■ **TASK DIRECTIONS**
Images within the entries are to be omitted; the remainder must be reproduced exactly.

Saved entries:
# # # # #
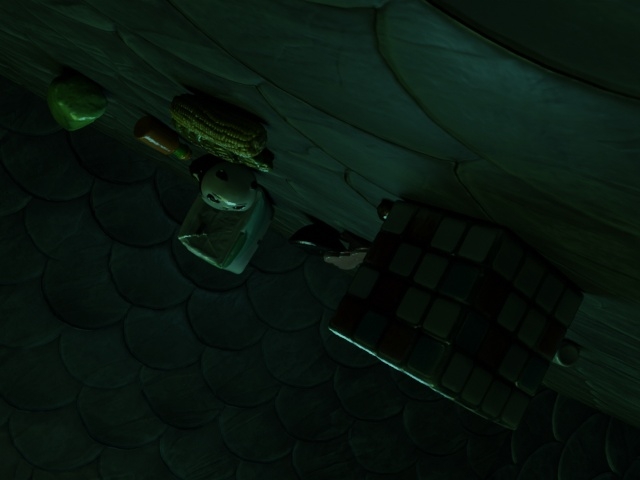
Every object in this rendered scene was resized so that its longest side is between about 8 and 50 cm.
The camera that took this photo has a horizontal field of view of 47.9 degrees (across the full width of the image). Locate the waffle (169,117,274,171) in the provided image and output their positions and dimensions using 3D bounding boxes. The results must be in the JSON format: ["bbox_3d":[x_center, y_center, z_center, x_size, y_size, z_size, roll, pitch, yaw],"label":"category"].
[{"bbox_3d":[-0.197,-0.197,1.468,0.214,0.054,0.208,25,176,-43],"label":"waffle"}]

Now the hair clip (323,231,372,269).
[{"bbox_3d":[0.097,0.044,2.028,0.138,0.102,0.123,25,177,35],"label":"hair clip"}]

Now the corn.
[{"bbox_3d":[-0.178,-0.202,1.240,0.203,0.072,0.072,28,175,27],"label":"corn"}]

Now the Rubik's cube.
[{"bbox_3d":[0.216,0.115,1.163,0.259,0.253,0.256,31,174,-38],"label":"Rubik's cube"}]

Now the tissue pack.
[{"bbox_3d":[-0.280,-0.052,2.229,0.194,0.266,0.356,29,176,5],"label":"tissue pack"}]

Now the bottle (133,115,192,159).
[{"bbox_3d":[-0.417,-0.267,1.942,0.069,0.069,0.187,26,176,36],"label":"bottle"}]

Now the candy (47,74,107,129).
[{"bbox_3d":[-0.670,-0.380,1.970,0.343,0.132,0.142,14,122,66],"label":"candy"}]

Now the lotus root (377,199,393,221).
[{"bbox_3d":[0.120,-0.051,1.310,0.037,0.030,0.083,30,175,0],"label":"lotus root"}]

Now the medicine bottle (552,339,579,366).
[{"bbox_3d":[0.601,0.279,1.857,0.092,0.061,0.220,10,179,-9],"label":"medicine bottle"}]

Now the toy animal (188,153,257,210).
[{"bbox_3d":[-0.247,-0.142,1.849,0.166,0.138,0.179,13,-173,-25],"label":"toy animal"}]

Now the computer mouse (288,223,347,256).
[{"bbox_3d":[0.000,0.000,2.225,0.147,0.088,0.264,10,169,18],"label":"computer mouse"}]
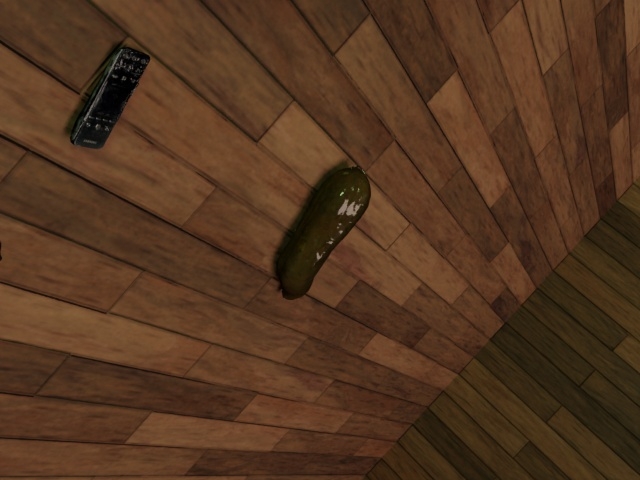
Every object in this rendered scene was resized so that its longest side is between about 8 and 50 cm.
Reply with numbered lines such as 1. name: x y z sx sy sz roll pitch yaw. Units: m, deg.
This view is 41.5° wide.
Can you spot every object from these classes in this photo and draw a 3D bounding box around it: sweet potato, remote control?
1. sweet potato: -0.004 0.002 1.112 0.081 0.062 0.233 -13 142 -52
2. remote control: -0.179 -0.121 0.712 0.096 0.014 0.039 -56 153 16

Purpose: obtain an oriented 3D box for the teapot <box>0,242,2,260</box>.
1. teapot: -0.295 -0.003 0.648 0.100 0.068 0.045 14 125 -21
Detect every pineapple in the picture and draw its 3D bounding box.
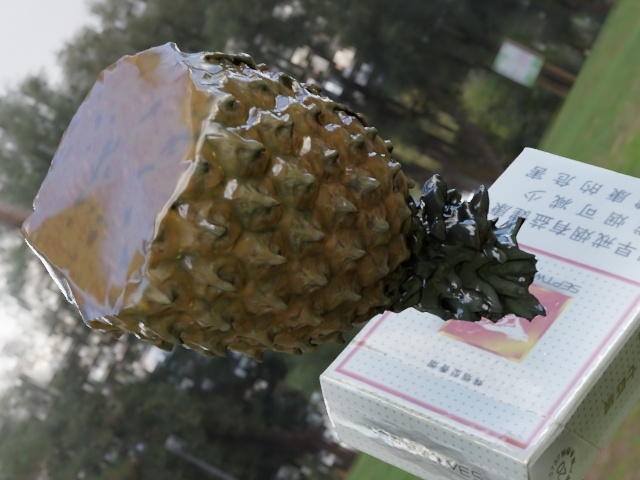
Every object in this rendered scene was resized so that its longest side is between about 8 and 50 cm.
[{"bbox_3d":[0.000,0.000,1.036,0.202,0.362,0.202,-27,55,46],"label":"pineapple"}]

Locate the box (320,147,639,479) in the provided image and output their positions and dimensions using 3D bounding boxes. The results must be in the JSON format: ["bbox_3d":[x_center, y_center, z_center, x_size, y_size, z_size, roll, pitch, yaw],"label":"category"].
[{"bbox_3d":[0.181,0.071,1.300,0.330,0.210,0.095,-45,-43,-32],"label":"box"}]
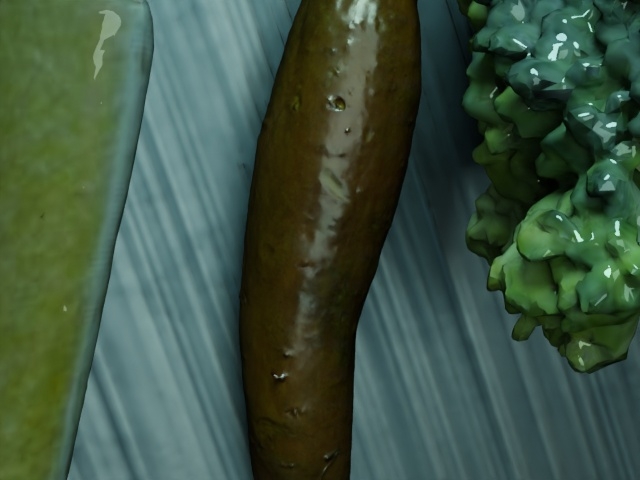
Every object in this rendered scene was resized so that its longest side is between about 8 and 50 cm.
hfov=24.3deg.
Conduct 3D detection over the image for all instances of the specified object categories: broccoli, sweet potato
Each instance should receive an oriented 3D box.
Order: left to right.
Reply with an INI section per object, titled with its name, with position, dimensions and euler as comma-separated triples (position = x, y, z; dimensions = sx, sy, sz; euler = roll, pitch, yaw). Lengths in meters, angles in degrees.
[sweet potato]
position = -0.001, 0.000, 0.538
dimensions = 0.057, 0.057, 0.265
euler = 9, 98, -17
[broccoli]
position = 0.167, -0.046, 0.507
dimensions = 0.243, 0.247, 0.263
euler = 74, 32, -42

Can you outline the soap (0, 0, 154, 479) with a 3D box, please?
[soap]
position = -0.221, 0.063, 0.382
dimensions = 0.293, 0.156, 0.335
euler = 14, 92, 18
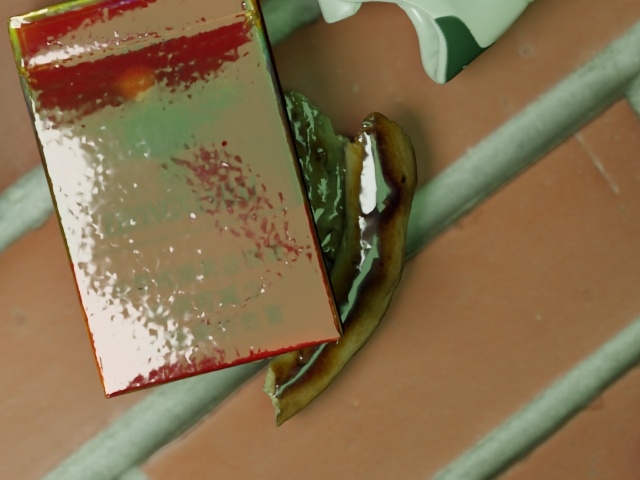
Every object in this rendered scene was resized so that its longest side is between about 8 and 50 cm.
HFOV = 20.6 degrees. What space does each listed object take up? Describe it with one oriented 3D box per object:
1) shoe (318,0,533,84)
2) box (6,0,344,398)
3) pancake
[{"bbox_3d":[0.013,-0.270,1.433,0.363,0.132,0.160,35,93,-18],"label":"shoe"},{"bbox_3d":[-0.114,-0.050,1.416,0.197,0.089,0.313,-14,94,2],"label":"box"},{"bbox_3d":[0.000,0.000,1.489,0.212,0.056,0.257,-24,100,-5],"label":"pancake"}]
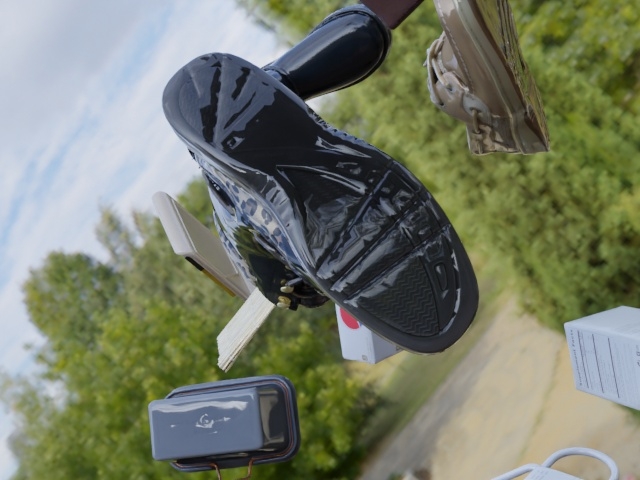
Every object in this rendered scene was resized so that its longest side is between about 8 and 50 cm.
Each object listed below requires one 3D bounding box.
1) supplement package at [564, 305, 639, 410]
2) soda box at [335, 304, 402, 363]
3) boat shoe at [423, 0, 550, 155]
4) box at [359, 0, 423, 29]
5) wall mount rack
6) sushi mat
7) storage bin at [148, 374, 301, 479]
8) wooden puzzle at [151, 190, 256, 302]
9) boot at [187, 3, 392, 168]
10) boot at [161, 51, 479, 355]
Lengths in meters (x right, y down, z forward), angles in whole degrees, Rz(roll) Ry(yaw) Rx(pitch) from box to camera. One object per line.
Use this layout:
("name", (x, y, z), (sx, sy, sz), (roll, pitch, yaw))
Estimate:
("supplement package", (0.434, 0.160, 1.498), (0.105, 0.105, 0.179), (-15, 8, -18))
("soda box", (0.065, 0.065, 1.590), (0.074, 0.216, 0.069), (-20, 16, -42))
("boat shoe", (0.170, -0.176, 1.197), (0.110, 0.121, 0.341), (-11, -26, 18))
("box", (0.059, -0.317, 0.862), (0.168, 0.203, 0.167), (-40, 12, 40))
("wall mount rack", (0.286, 0.428, 1.613), (0.350, 0.304, 0.130), (-29, -58, -44))
("sushi mat", (-0.067, 0.060, 1.743), (0.316, 0.019, 0.151), (-53, 14, 6))
("storage bin", (-0.096, 0.179, 1.023), (0.135, 0.098, 0.091), (-9, -10, 12))
("wooden puzzle", (-0.228, 0.023, 2.163), (0.044, 0.239, 0.221), (-44, 40, 10))
("boot", (-0.040, -0.185, 1.371), (0.246, 0.094, 0.207), (-23, 20, 38))
("boot", (0.000, 0.000, 1.126), (0.138, 0.377, 0.284), (-46, -17, -15))
# # # # #
■ **EXPECTED ANSWER**
Every object in this rendered scene was resized so that its longest side is between about 8 and 50 cm.
The camera that took this photo has a horizontal field of view of 47.9 degrees (across the full width of the image). Locate the waffle (169,117,274,171) in the provided image and output their positions and dimensions using 3D bounding boxes. The results must be in the JSON format: ["bbox_3d":[x_center, y_center, z_center, x_size, y_size, z_size, roll, pitch, yaw],"label":"category"].
[{"bbox_3d":[-0.197,-0.197,1.468,0.214,0.054,0.208,25,176,-43],"label":"waffle"}]

Now the hair clip (323,231,372,269).
[{"bbox_3d":[0.097,0.044,2.028,0.138,0.102,0.123,25,177,35],"label":"hair clip"}]

Now the corn.
[{"bbox_3d":[-0.178,-0.202,1.240,0.203,0.072,0.072,28,175,27],"label":"corn"}]

Now the Rubik's cube.
[{"bbox_3d":[0.216,0.115,1.163,0.259,0.253,0.256,31,174,-38],"label":"Rubik's cube"}]

Now the tissue pack.
[{"bbox_3d":[-0.280,-0.052,2.229,0.194,0.266,0.356,29,176,5],"label":"tissue pack"}]

Now the bottle (133,115,192,159).
[{"bbox_3d":[-0.417,-0.267,1.942,0.069,0.069,0.187,26,176,36],"label":"bottle"}]

Now the candy (47,74,107,129).
[{"bbox_3d":[-0.670,-0.380,1.970,0.343,0.132,0.142,14,122,66],"label":"candy"}]

Now the lotus root (377,199,393,221).
[{"bbox_3d":[0.120,-0.051,1.310,0.037,0.030,0.083,30,175,0],"label":"lotus root"}]

Now the medicine bottle (552,339,579,366).
[{"bbox_3d":[0.601,0.279,1.857,0.092,0.061,0.220,10,179,-9],"label":"medicine bottle"}]

Now the toy animal (188,153,257,210).
[{"bbox_3d":[-0.247,-0.142,1.849,0.166,0.138,0.179,13,-173,-25],"label":"toy animal"}]

Now the computer mouse (288,223,347,256).
[{"bbox_3d":[0.000,0.000,2.225,0.147,0.088,0.264,10,169,18],"label":"computer mouse"}]
Every object in this rendered scene was resized so that its longest side is between about 8 and 50 cm.
Reply with numbered lines such as 1. name: x y z sx sy sz roll pitch yaw. Units: m, deg.
This view is 41.5° wide.
Can you spot every object from these classes in this photo and draw a 3D bounding box around it: sweet potato, remote control?
1. sweet potato: -0.004 0.002 1.112 0.081 0.062 0.233 -13 142 -52
2. remote control: -0.179 -0.121 0.712 0.096 0.014 0.039 -56 153 16

Purpose: obtain an oriented 3D box for the teapot <box>0,242,2,260</box>.
1. teapot: -0.295 -0.003 0.648 0.100 0.068 0.045 14 125 -21
Detect every pineapple in the picture and draw its 3D bounding box.
Every object in this rendered scene was resized so that its longest side is between about 8 and 50 cm.
[{"bbox_3d":[0.000,0.000,1.036,0.202,0.362,0.202,-27,55,46],"label":"pineapple"}]

Locate the box (320,147,639,479) in the provided image and output their positions and dimensions using 3D bounding boxes. The results must be in the JSON format: ["bbox_3d":[x_center, y_center, z_center, x_size, y_size, z_size, roll, pitch, yaw],"label":"category"].
[{"bbox_3d":[0.181,0.071,1.300,0.330,0.210,0.095,-45,-43,-32],"label":"box"}]
Every object in this rendered scene was resized so that its longest side is between about 8 and 50 cm.
hfov=24.3deg.
Conduct 3D detection over the image for all instances of the specified object categories: broccoli, sweet potato
Each instance should receive an oriented 3D box.
Order: left to right.
Reply with an INI section per object, titled with its name, with position, dimensions and euler as comma-separated triples (position = x, y, z; dimensions = sx, sy, sz; euler = roll, pitch, yaw). Lengths in meters, angles in degrees.
[sweet potato]
position = -0.001, 0.000, 0.538
dimensions = 0.057, 0.057, 0.265
euler = 9, 98, -17
[broccoli]
position = 0.167, -0.046, 0.507
dimensions = 0.243, 0.247, 0.263
euler = 74, 32, -42

Can you outline the soap (0, 0, 154, 479) with a 3D box, please?
[soap]
position = -0.221, 0.063, 0.382
dimensions = 0.293, 0.156, 0.335
euler = 14, 92, 18
Every object in this rendered scene was resized so that its longest side is between about 8 and 50 cm.
HFOV = 20.6 degrees. What space does each listed object take up? Describe it with one oriented 3D box per object:
1) shoe (318,0,533,84)
2) box (6,0,344,398)
3) pancake
[{"bbox_3d":[0.013,-0.270,1.433,0.363,0.132,0.160,35,93,-18],"label":"shoe"},{"bbox_3d":[-0.114,-0.050,1.416,0.197,0.089,0.313,-14,94,2],"label":"box"},{"bbox_3d":[0.000,0.000,1.489,0.212,0.056,0.257,-24,100,-5],"label":"pancake"}]
Every object in this rendered scene was resized so that its longest side is between about 8 and 50 cm.
Each object listed below requires one 3D bounding box.
1) supplement package at [564, 305, 639, 410]
2) soda box at [335, 304, 402, 363]
3) boat shoe at [423, 0, 550, 155]
4) box at [359, 0, 423, 29]
5) wall mount rack
6) sushi mat
7) storage bin at [148, 374, 301, 479]
8) wooden puzzle at [151, 190, 256, 302]
9) boot at [187, 3, 392, 168]
10) boot at [161, 51, 479, 355]
Lengths in meters (x right, y down, z forward), angles in whole degrees, Rz(roll) Ry(yaw) Rx(pitch) from box to camera. One object per line.
Use this layout:
("name", (x, y, z), (sx, sy, sz), (roll, pitch, yaw))
Estimate:
("supplement package", (0.434, 0.160, 1.498), (0.105, 0.105, 0.179), (-15, 8, -18))
("soda box", (0.065, 0.065, 1.590), (0.074, 0.216, 0.069), (-20, 16, -42))
("boat shoe", (0.170, -0.176, 1.197), (0.110, 0.121, 0.341), (-11, -26, 18))
("box", (0.059, -0.317, 0.862), (0.168, 0.203, 0.167), (-40, 12, 40))
("wall mount rack", (0.286, 0.428, 1.613), (0.350, 0.304, 0.130), (-29, -58, -44))
("sushi mat", (-0.067, 0.060, 1.743), (0.316, 0.019, 0.151), (-53, 14, 6))
("storage bin", (-0.096, 0.179, 1.023), (0.135, 0.098, 0.091), (-9, -10, 12))
("wooden puzzle", (-0.228, 0.023, 2.163), (0.044, 0.239, 0.221), (-44, 40, 10))
("boot", (-0.040, -0.185, 1.371), (0.246, 0.094, 0.207), (-23, 20, 38))
("boot", (0.000, 0.000, 1.126), (0.138, 0.377, 0.284), (-46, -17, -15))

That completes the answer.